My SDP colleague Quentin Riggins has been struggling with CCK about the Energy Bill and whose fault it was that it didn't pass last time. If Quentin is right, and it seems clear that he is, then it is largely Daschle's fault that the Bill didn't pass last year. If CCK is right, the Republicans could have had a bill long before now. What is really at stake here is how much credit to give the Thune win/Daschle defeat.
But I submit that this piece by Charles Babington and Justin Blum in Saturday's Washington Post is dispositive of the question.
After years of partisan impasses and legislative failures, Congress in a matter of hours yesterday passed or advanced three far-reaching bills that will allocate billions of dollars and set new policies for guns, roads and energy.

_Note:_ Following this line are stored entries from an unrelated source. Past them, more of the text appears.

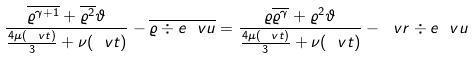Convert formula to latex. <formula><loc_0><loc_0><loc_500><loc_500>\frac { \overline { \varrho ^ { \gamma + 1 } } + \overline { \varrho ^ { 2 } } \vartheta } { \frac { 4 \mu ( \ v t ) } { 3 } + \nu ( \ v t ) } - \overline { \varrho \div e \ v u } = \frac { \varrho \overline { \varrho ^ { \gamma } } + \varrho ^ { 2 } \vartheta } { \frac { 4 \mu ( \ v t ) } { 3 } + \nu ( \ v t ) } - \ v r \div e \ v u</formula> 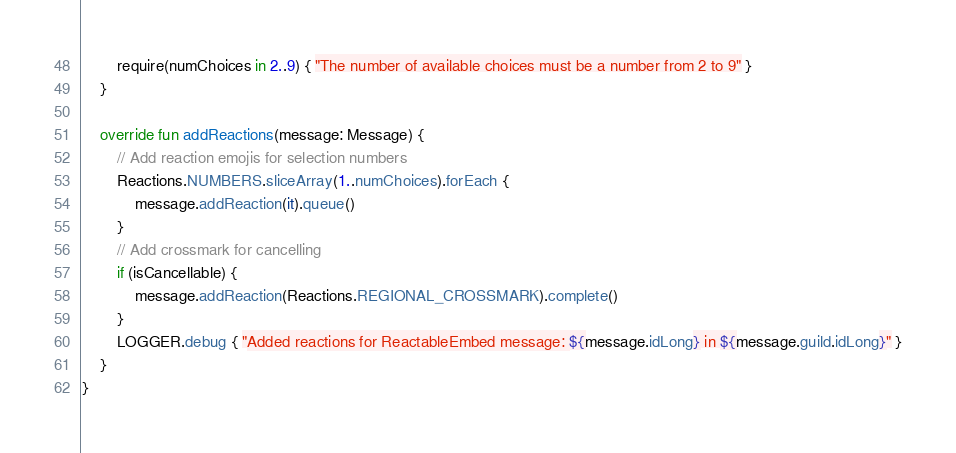Convert code to text. <code><loc_0><loc_0><loc_500><loc_500><_Kotlin_>        require(numChoices in 2..9) { "The number of available choices must be a number from 2 to 9" }
    }

    override fun addReactions(message: Message) {
        // Add reaction emojis for selection numbers
        Reactions.NUMBERS.sliceArray(1..numChoices).forEach {
            message.addReaction(it).queue()
        }
        // Add crossmark for cancelling
        if (isCancellable) {
            message.addReaction(Reactions.REGIONAL_CROSSMARK).complete()
        }
        LOGGER.debug { "Added reactions for ReactableEmbed message: ${message.idLong} in ${message.guild.idLong}" }
    }
}
</code>

The measures sent to President Bush for his signature will grant $14.5 billion in tax breaks for energy-related matters and devote $286 billion to transportation programs, including 6,000 local projects, often called "pork barrel" spending. The Senate also passed a bill to protect firearms manufacturers and dealers from various lawsuits. The House is poised to pass it this fall.

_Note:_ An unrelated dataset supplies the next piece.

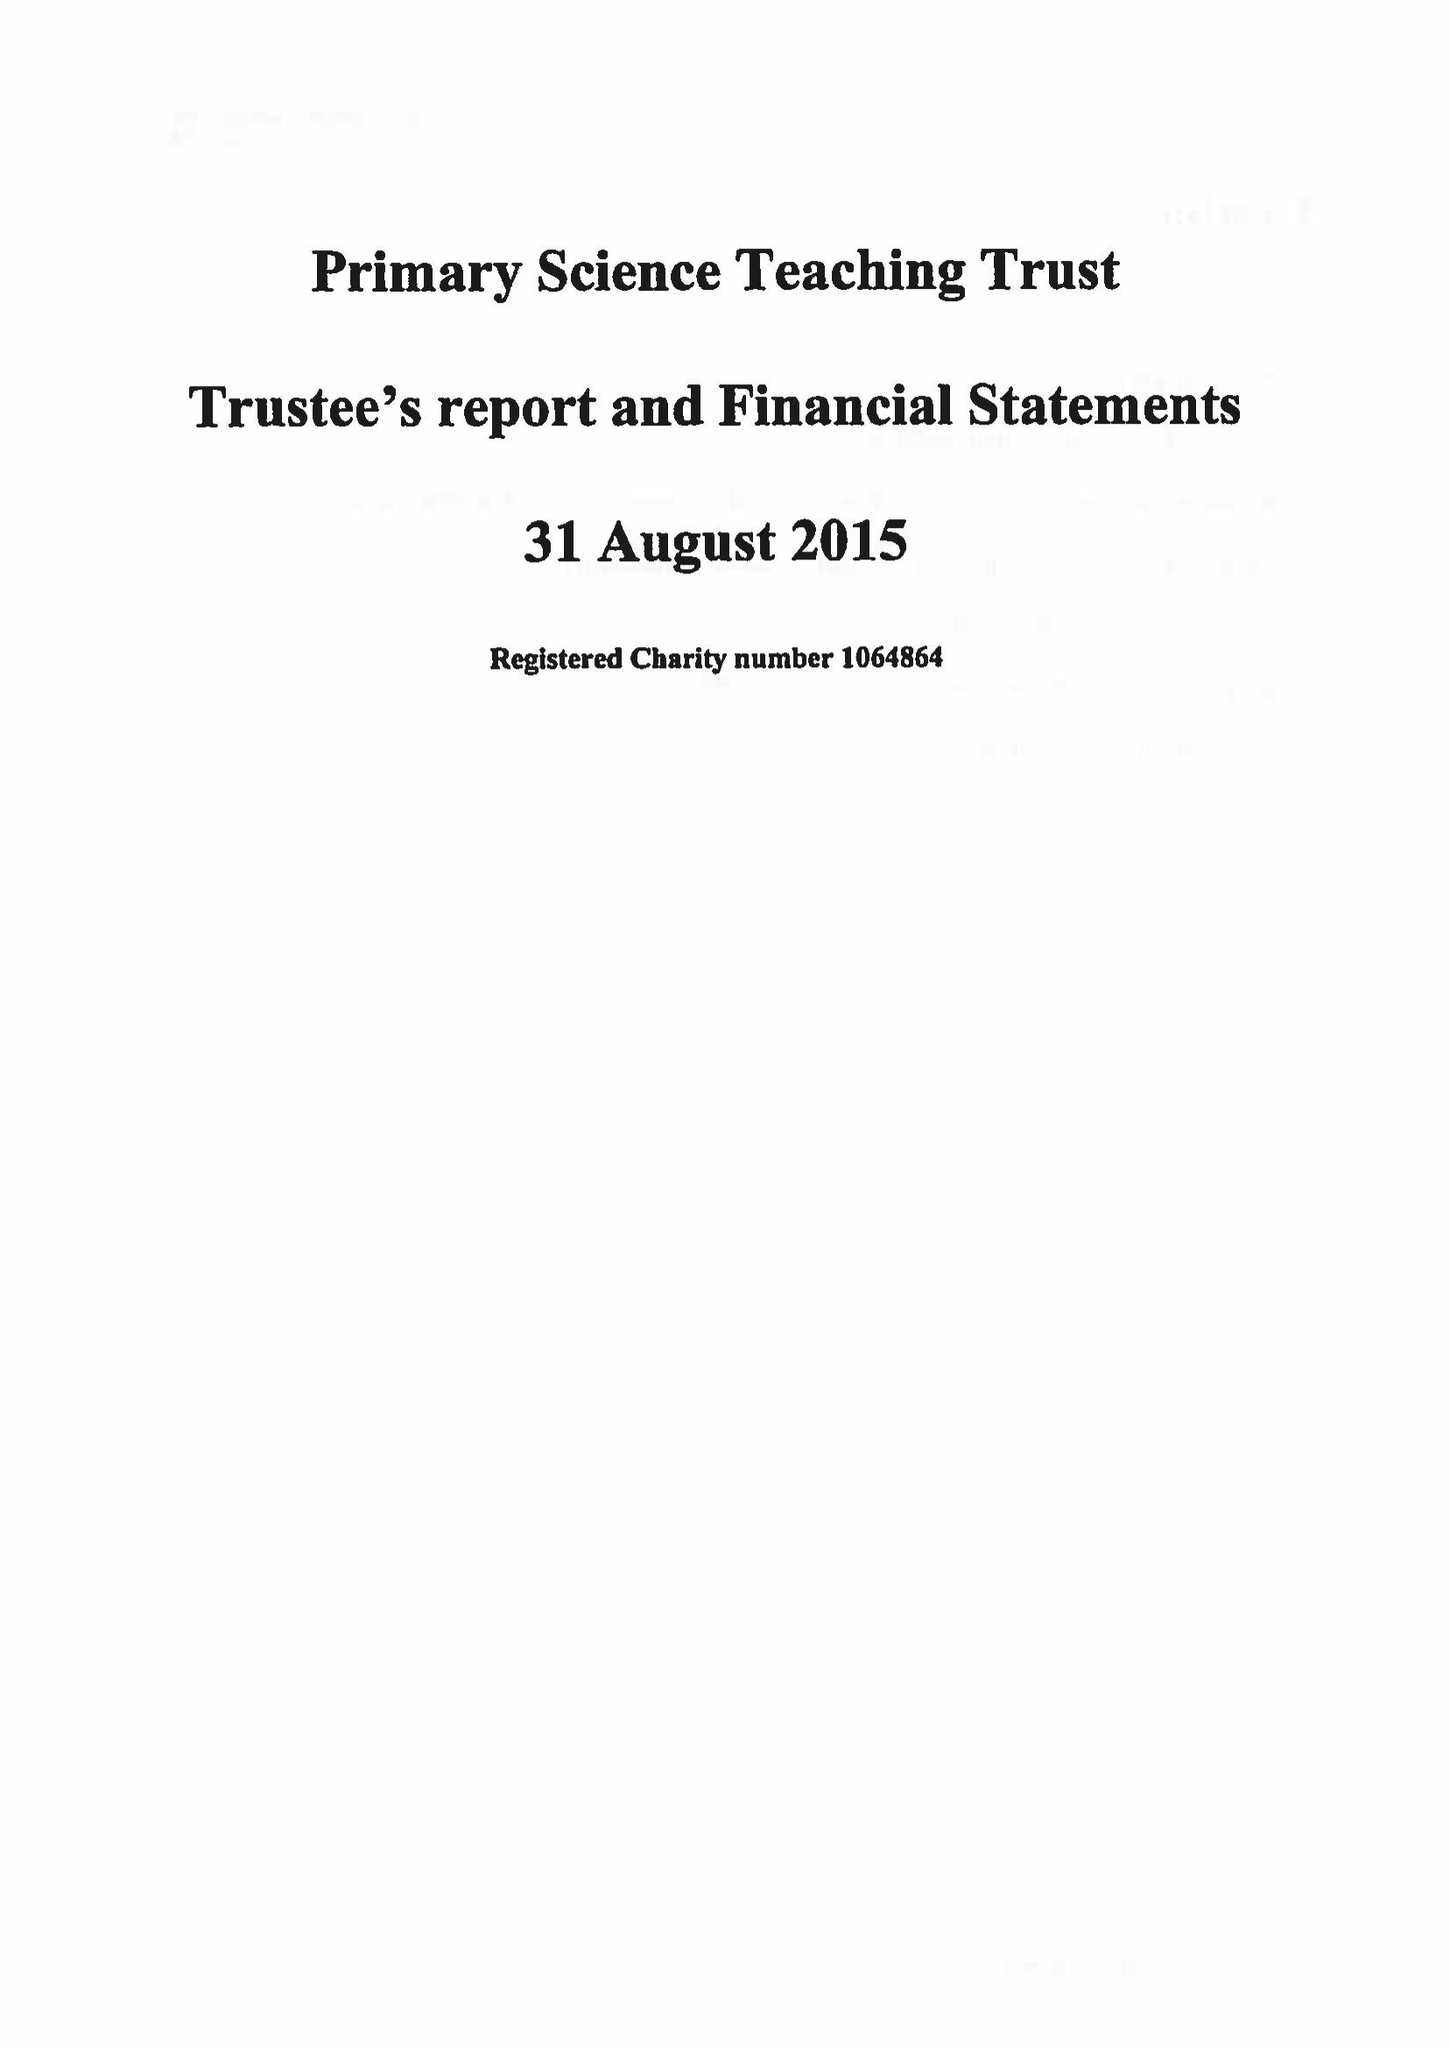What is the value for the address__street_line?
Answer the question using a single word or phrase. None

Combined with the Central American Free Trade Agreement that Congress approved Thursday, the measures constitute significant victories for Bush and GOP congressional leaders, who have been frustrated by Democrats in some areas such as Social Security.

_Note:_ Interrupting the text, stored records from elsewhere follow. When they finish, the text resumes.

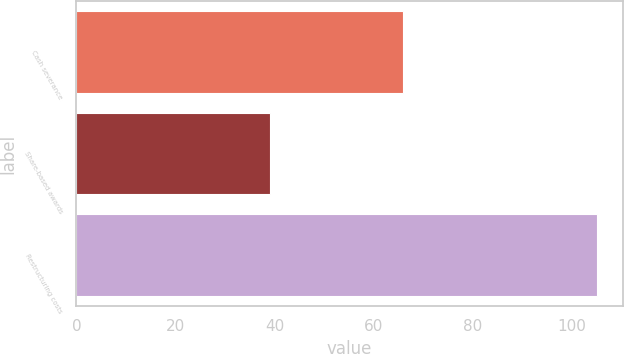Convert chart to OTSL. <chart><loc_0><loc_0><loc_500><loc_500><bar_chart><fcel>Cash severance<fcel>Share-based awards<fcel>Restructuring costs<nl><fcel>66<fcel>39<fcel>105<nl></chart> 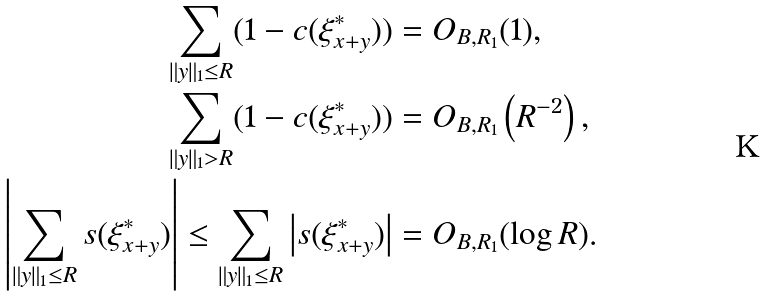Convert formula to latex. <formula><loc_0><loc_0><loc_500><loc_500>\sum _ { \| y \| _ { 1 } \leq R } ( 1 - c ( \xi ^ { * } _ { x + y } ) ) & = O _ { B , R _ { 1 } } ( 1 ) , \\ \sum _ { \| y \| _ { 1 } > R } ( 1 - c ( \xi ^ { * } _ { x + y } ) ) & = O _ { B , R _ { 1 } } \left ( R ^ { - 2 } \right ) , \\ \left | \sum _ { \| y \| _ { 1 } \leq R } s ( \xi ^ { * } _ { x + y } ) \right | \leq \sum _ { \| y \| _ { 1 } \leq R } \left | s ( \xi ^ { * } _ { x + y } ) \right | & = O _ { B , R _ { 1 } } ( \log R ) .</formula> 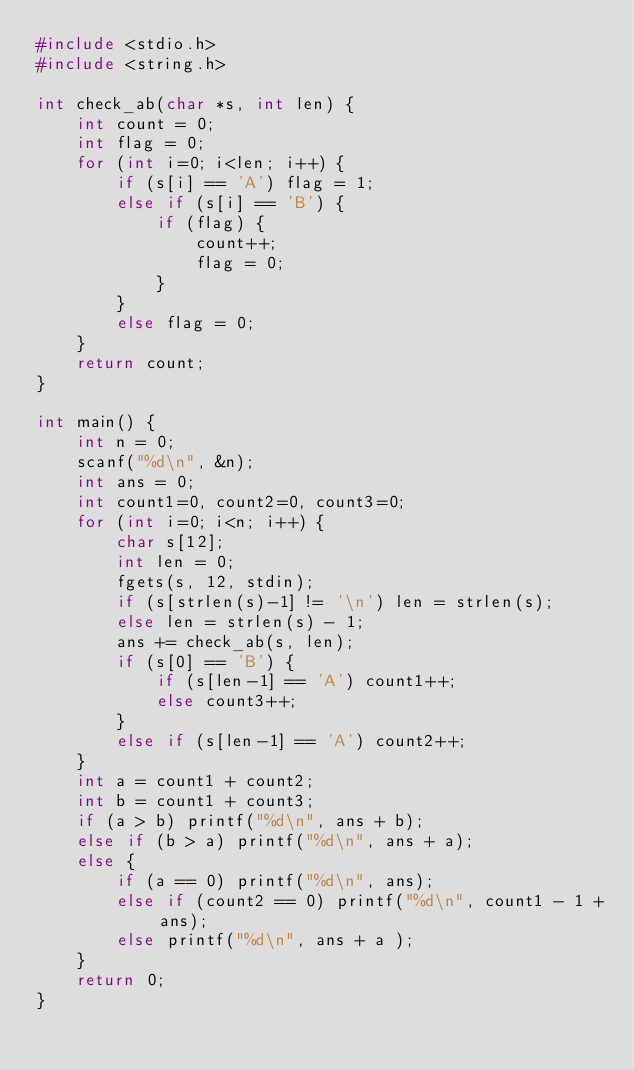<code> <loc_0><loc_0><loc_500><loc_500><_C_>#include <stdio.h>
#include <string.h>

int check_ab(char *s, int len) {
    int count = 0;
    int flag = 0;
    for (int i=0; i<len; i++) {
        if (s[i] == 'A') flag = 1;
        else if (s[i] == 'B') {
            if (flag) {
                count++;
                flag = 0;
            }
        }
        else flag = 0;
    }
    return count;
}

int main() {
    int n = 0;
    scanf("%d\n", &n);
    int ans = 0;
    int count1=0, count2=0, count3=0;
    for (int i=0; i<n; i++) {
        char s[12];
        int len = 0;
        fgets(s, 12, stdin);
        if (s[strlen(s)-1] != '\n') len = strlen(s);
        else len = strlen(s) - 1;
        ans += check_ab(s, len);
        if (s[0] == 'B') {
            if (s[len-1] == 'A') count1++;
            else count3++;
        }
        else if (s[len-1] == 'A') count2++;
    }
    int a = count1 + count2;
    int b = count1 + count3;
    if (a > b) printf("%d\n", ans + b);
    else if (b > a) printf("%d\n", ans + a);
    else {
        if (a == 0) printf("%d\n", ans);
        else if (count2 == 0) printf("%d\n", count1 - 1 + ans);
        else printf("%d\n", ans + a );
    }
    return 0;
}
</code>

Apart from the question of what role Daschle and Thune personally played in this matter, consider two undeniable political facts:
First: Much of this legislation is very generous to South Dakota.
Second: None of it passed until Daschle had been replaced by Republicans.
The Republican's net gain of three other seats obviously helped, but neither friend nor foe of Daschle will deny that his influence and skill were extraordinary. For better or worse the Daschle Democrats had an agenda that centered almost exclusively on obstruction. By defeating Daschle, Thune did more than anyone else to break the logjam. That's an achievement that our colleagues in the asinusphere (from equus asinus, or donkey), cannot argue away.